++++ Source data ++++
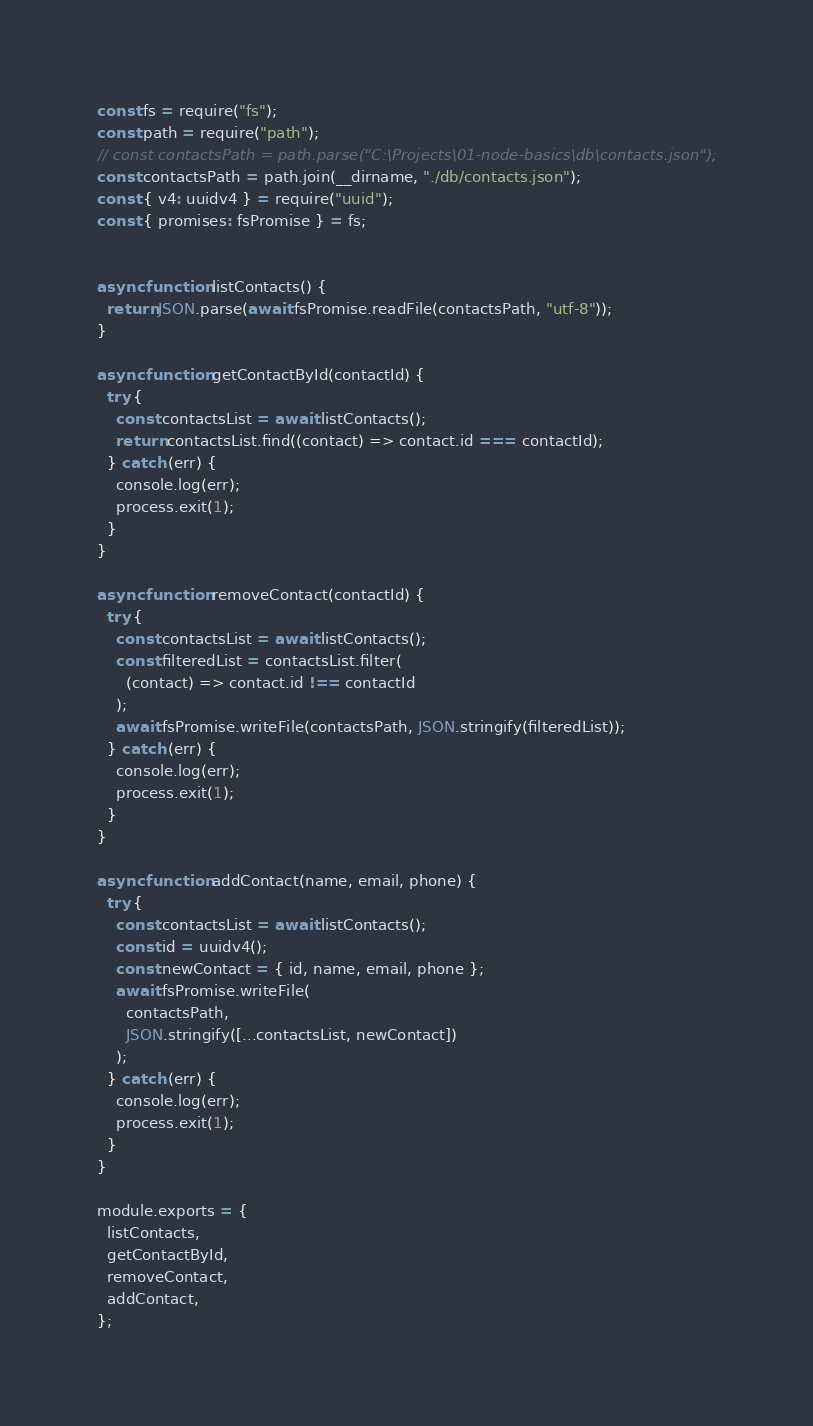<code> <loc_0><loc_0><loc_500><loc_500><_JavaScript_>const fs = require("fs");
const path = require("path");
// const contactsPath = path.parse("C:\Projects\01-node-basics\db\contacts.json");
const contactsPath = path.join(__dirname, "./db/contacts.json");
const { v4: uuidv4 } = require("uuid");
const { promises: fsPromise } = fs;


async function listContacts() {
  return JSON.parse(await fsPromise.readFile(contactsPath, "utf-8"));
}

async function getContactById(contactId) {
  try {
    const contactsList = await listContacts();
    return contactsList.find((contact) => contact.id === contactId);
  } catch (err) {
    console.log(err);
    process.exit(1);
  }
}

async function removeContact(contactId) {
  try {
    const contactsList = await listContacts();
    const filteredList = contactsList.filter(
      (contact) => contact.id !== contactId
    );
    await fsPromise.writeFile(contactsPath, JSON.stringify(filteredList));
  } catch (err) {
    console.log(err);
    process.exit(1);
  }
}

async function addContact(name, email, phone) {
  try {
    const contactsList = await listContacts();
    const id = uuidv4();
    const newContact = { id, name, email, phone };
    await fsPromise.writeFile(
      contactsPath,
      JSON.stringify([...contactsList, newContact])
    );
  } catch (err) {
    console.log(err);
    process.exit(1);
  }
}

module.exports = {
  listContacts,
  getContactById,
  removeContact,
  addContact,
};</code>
++++
++++ Source data ++++
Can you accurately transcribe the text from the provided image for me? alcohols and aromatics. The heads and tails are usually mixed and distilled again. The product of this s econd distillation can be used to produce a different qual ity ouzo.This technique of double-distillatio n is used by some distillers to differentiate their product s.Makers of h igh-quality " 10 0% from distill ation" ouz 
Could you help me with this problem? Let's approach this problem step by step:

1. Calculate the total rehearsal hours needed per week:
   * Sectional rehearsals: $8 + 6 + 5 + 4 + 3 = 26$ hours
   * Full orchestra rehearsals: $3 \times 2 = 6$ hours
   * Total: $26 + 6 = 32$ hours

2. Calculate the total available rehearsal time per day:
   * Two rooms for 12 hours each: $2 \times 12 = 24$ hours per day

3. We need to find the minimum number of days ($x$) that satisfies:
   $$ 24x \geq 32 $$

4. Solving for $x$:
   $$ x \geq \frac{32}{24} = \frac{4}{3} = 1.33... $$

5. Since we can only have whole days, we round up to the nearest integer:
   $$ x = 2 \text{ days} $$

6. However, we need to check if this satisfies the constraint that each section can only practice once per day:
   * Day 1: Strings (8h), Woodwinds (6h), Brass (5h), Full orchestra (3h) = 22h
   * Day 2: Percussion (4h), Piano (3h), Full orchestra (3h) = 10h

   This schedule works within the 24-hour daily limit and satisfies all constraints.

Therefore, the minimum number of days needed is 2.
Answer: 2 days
++++
++++ Source data ++++
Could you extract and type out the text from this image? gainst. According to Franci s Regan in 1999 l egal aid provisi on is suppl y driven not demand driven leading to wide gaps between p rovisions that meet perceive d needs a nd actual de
++++
## Assigned task
Each line that includes the string "contactsPath" should be copied from the data.

## Result
// const contactsPath = path.parse("C:\Projects\01-node-basics\db\contacts.json");
const contactsPath = path.join(__dirname, "./db/contacts.json");
  return JSON.parse(await fsPromise.readFile(contactsPath, "utf-8"));
    await fsPromise.writeFile(contactsPath, JSON.stringify(filteredList));
      contactsPath,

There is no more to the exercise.